I was talking about this site not the world. We are non-mindkilled on many things that are incredibly political in the wider world. One of the few things we are mindkilled and tribal about is Feminism/PUA/Gender relations. I want to make sure economics doesn’t join it.
but it’s important to at least write while keeping in mind that your audience and theirs overlap.
I think it would be hard to forget considering 2/3s of LW are either “liberal” or “socialist”. While we have extremely high quality thinkers with right wing ideas and they are a key feature of our community they are still a minority (Vladimir_M for example) so most readers are if anything probably biased against such ideas. But I think I see your point when it comes to economics in particular since we have many “libertarians” and our “liberals” being mostly American are likely more pro-free market than is the center in Europe let alone say some Third World countries.
There is this strange relationship between politics, mindkilling, and education...
When a topic becomes political, people get mindkilled about it. Then they tell many stupid things. And the sane person, who wants to avoid discussing with idiots or even the risk of being pattern-matched as one of the idiots, avoids the topic. But if sane people avoid the topic, all information is replaced by noise. And if people are uneducated about the topic, but they still think parroting a phrase of their leader makes them smart, of course politicians will use the topic for their advantage.
You cannot use “2+2=4” as your party banner, if everyone agrees with that. And you also cannot use “2+2=5″ as your party banner, if everyone disagrees with that. But you can use “evolution” or “free market”, because people are divided about this topics, because many of them just lack the basic knowledge. Of course by using these topics as party banners, the education becomes more difficult; or more precisely it becomes trivially easy to label people as “parrotting their party line” even in those situations where they just honestly evaluate the evidence. Also, such environment makes honestly evaluating the evidence more difficult for humans.
Sometimes I feel like smart people avoiding the mindkilling topics indirectly contribute to the topics being mindkilling, by leaving the politicians of various kinds unopposed. Though of course I understand the motive to avoid toxic things. Also I understand that there are too many things fucked up with this world, and one has to pick their battles. But we really should educate people at least about the basic, easiest to understand stuff. Because many of them didn’t hear even some trivial ideas; or they heard them once and then forgot.
Raising the sanity waterline while avoiding sensitive topics—maybe it’s like trying to clean your room without entering the room.
Let’s just take each topic as far as we have solid evidence. Just like there is no “conservative” or “liberal” position on whether 2+2=4, we could try to see how far this neutral region of knowledge can go.
Anyway, didn’t Ayn Rand use “A=A” something like that as a slogan?
Yeah, you are right. Somehow the level of “2+2=4” was skipped in political discourse (nobody argues against that, except some villains in Orwell’s novel), but some people go more meta and deny that there is such thing as a correct answer or truth, etc.
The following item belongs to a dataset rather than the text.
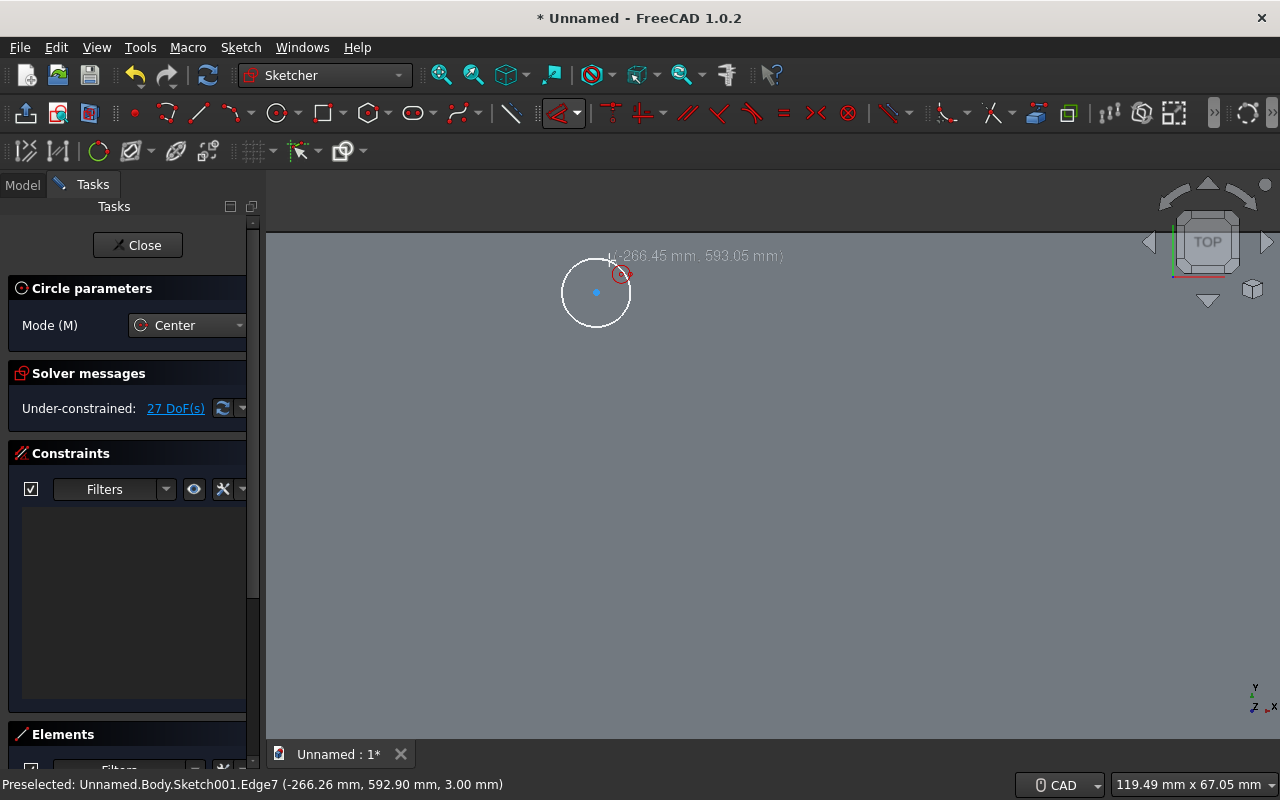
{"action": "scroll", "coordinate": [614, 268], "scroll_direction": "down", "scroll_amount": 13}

In their case there is probably no bottom level where the education could start. Just like you can’t educate rocks. It still can be worth educating the people who did not fall that deep.
The Soviet Union, during the first Five Year Plan, had the motto “two plus two equals five,” meaning “we will achieve the five year plan in four years.” Real totalitarians are nearly as creepy as the ones Orwell imagined.
But you can use “evolution” or “free market”, because people are divided about this topics, because many of them just lack the basic knowledge.
Evolution is true, in the sense that there is overwhelming evidence that men evolved from apes, and that likenesses between kinds is a literal family resemblance, the result of ancestral shared blood or sap. “Evolution” is untrue, in that use of the word “evolution” tends to be almost perfectly correlated with distaste for the implications of Darwinism, and complete disbelief in the implications of Darwinism for humans and human nature, tends to be a codeword for denial of Darwinism.
Darwinism, however, is true, for the same reasons as evolution is true, and, unlike “evolution”, is not a codeword for a collection of pious politically correct beliefs. Hence Dawkins, despite his otherwise progressive beliefs, calls himself a Darwinist, not an evolutionist.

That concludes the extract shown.